Do they? A few times a year we get a _"I made a better UI for HN"_ article and
almost without fail everyone seems to respond _"This is unneeded and worse.
This reduces usability"_.

------
nextparadigms
I still think this should've arrived with a more modern interface. At least I
hope they get to that by the time port it to Android devices.

------
bborud
For the past 23 years I have only very occasionally had the need to use
Office-type applications. Today the typical uses of Office applications
implies an outdated way of working.

For example, my company lives and breathes through its internal wiki -- which
is quite an accomplishment since we are owned by a company that still lives in
the dark ages: mailing Office attachments to each other.

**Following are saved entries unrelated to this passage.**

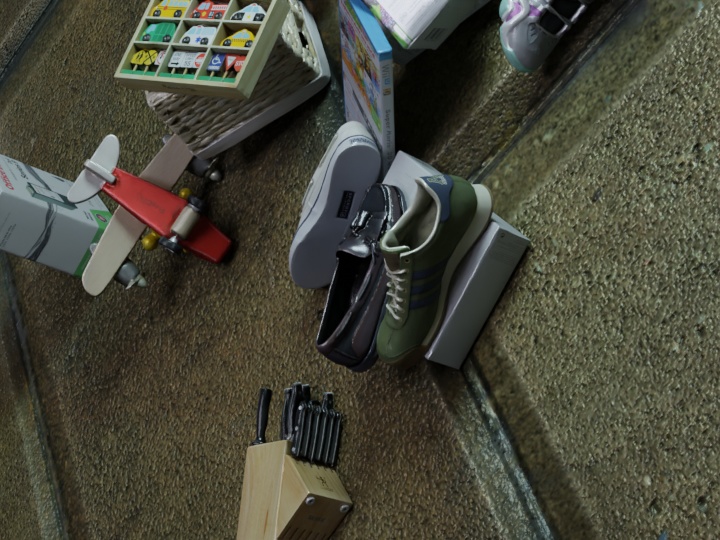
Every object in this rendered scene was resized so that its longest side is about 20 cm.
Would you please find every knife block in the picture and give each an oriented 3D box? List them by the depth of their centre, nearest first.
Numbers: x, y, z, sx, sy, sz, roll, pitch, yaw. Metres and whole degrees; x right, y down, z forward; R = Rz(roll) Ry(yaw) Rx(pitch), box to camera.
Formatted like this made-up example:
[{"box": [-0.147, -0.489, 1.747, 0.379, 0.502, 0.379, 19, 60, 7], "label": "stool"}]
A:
[{"box": [-0.088, 0.223, 1.748, 0.200, 0.064, 0.176, -56, 39, 18], "label": "knife block"}]

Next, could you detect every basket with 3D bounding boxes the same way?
[{"box": [-0.157, -0.251, 1.953, 0.199, 0.123, 0.136, -29, 51, 16], "label": "basket"}]

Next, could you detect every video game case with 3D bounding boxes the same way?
[{"box": [0.007, -0.198, 1.755, 0.201, 0.018, 0.144, 87, 165, -46], "label": "video game case"}]

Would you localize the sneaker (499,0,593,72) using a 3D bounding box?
[{"box": [0.218, -0.285, 1.589, 0.140, 0.077, 0.201, 19, 89, 53], "label": "sneaker"}]

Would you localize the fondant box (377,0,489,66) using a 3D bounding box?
[{"box": [0.087, -0.340, 1.792, 0.200, 0.058, 0.145, -33, 51, 37], "label": "fondant box"}]

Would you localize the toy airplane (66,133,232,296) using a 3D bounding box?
[{"box": [-0.263, -0.077, 2.034, 0.199, 0.141, 0.200, -16, 71, 9], "label": "toy airplane"}]

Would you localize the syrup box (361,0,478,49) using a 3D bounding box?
[{"box": [0.024, -0.328, 1.702, 0.200, 0.079, 0.081, 49, 114, 12], "label": "syrup box"}]

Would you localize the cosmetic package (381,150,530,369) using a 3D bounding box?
[{"box": [0.069, -0.014, 1.671, 0.151, 0.052, 0.200, -60, 39, 10], "label": "cosmetic package"}]

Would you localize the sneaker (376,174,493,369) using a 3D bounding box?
[{"box": [0.047, -0.005, 1.582, 0.067, 0.090, 0.201, 39, 107, 49], "label": "sneaker"}]

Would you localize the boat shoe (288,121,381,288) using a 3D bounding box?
[{"box": [-0.032, -0.073, 1.789, 0.070, 0.070, 0.201, -104, 27, -53], "label": "boat shoe"}]

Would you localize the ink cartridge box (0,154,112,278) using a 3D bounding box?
[{"box": [-0.436, -0.075, 2.195, 0.084, 0.199, 0.146, -58, 40, 13], "label": "ink cartridge box"}]

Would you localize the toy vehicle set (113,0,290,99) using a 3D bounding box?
[{"box": [-0.184, -0.263, 1.877, 0.199, 0.027, 0.125, 9, 69, 38], "label": "toy vehicle set"}]

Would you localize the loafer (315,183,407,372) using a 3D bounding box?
[{"box": [0.000, 0.000, 1.656, 0.072, 0.063, 0.201, -11, 64, 52], "label": "loafer"}]
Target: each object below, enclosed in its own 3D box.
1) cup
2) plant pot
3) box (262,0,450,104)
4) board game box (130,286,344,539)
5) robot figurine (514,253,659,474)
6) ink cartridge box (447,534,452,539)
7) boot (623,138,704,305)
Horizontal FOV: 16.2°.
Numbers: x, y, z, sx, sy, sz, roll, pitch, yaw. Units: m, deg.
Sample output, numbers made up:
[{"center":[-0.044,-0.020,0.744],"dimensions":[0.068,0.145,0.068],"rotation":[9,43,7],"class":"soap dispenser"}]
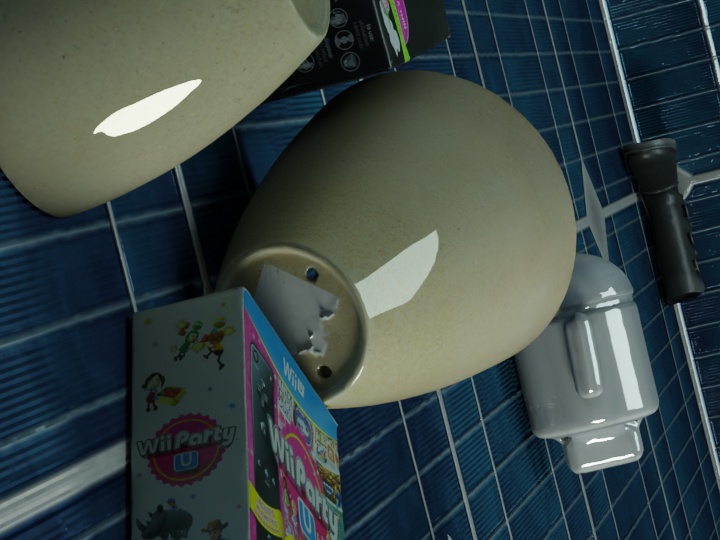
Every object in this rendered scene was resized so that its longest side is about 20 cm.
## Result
[{"center":[-0.097,-0.137,1.179],"dimensions":[0.200,0.143,0.200],"rotation":[-13,90,-76],"class":"cup"},{"center":[0.000,0.000,1.420],"dimensions":[0.200,0.187,0.187],"rotation":[-35,111,-61],"class":"plant pot"},{"center":[-0.037,-0.183,1.499],"dimensions":[0.200,0.124,0.149],"rotation":[-41,117,-75],"class":"box"},{"center":[-0.057,0.132,1.248],"dimensions":[0.148,0.064,0.200],"rotation":[58,22,-52],"class":"board game box"},{"center":[0.189,0.072,2.179],"dimensions":[0.170,0.113,0.200],"rotation":[107,-30,-87],"class":"robot figurine"},{"center":[0.077,0.300,1.676],"dimensions":[0.160,0.047,0.200],"rotation":[60,16,-48],"class":"ink cartridge box"},{"center":[0.387,-0.061,3.219],"dimensions":[0.165,0.066,0.200],"rotation":[15,66,-72],"class":"boot"}]
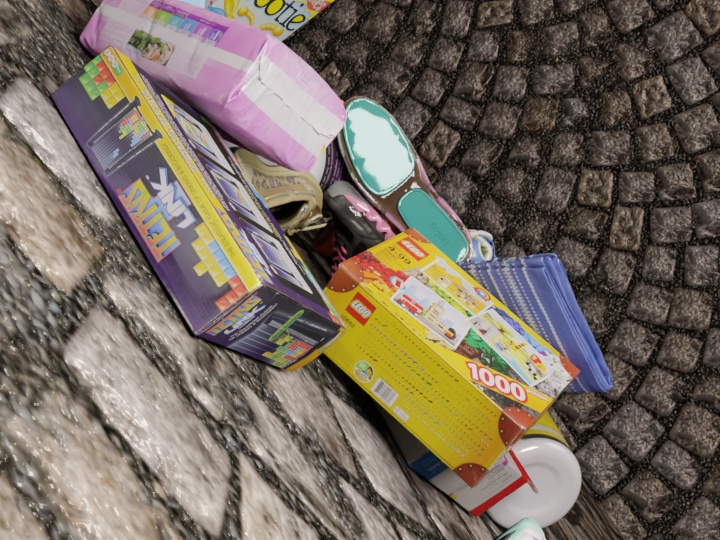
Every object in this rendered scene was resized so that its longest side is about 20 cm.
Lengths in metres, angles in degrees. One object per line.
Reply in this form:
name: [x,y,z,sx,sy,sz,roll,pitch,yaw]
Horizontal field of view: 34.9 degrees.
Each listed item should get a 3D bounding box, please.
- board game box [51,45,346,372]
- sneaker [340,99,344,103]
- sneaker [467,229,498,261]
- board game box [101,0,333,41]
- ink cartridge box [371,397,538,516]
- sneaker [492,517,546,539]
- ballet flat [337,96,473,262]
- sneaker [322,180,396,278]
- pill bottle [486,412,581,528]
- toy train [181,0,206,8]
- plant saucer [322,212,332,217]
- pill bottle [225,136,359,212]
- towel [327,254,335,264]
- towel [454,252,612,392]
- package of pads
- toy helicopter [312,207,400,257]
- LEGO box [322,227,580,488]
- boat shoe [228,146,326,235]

Sure, the wiki software could have been a lot better. For one it needs an
order of magnitude better performance. And it would be nice if the install
wasn't such a messy affair. But it beats the alternative hands down. It beats
mailing documents. It beats juggling multiple versions of documents. It beats
overflowing mailserver quotas.

Most of all it beats not having to run Windows XP because the people who came
before you were stupid fuckups who decided to tie everything so closely to a
single platform that they can only afford to move the company to a new OS
version every 10 years. And then only after a herculean effort. Inbetween
everyone runs on outdated software. For a whole decade.

Real change doesn't come from offering marginal compatibility. Real change
comes from not having stupid problems.

LibreOffice is a solution to a problem you should not be having.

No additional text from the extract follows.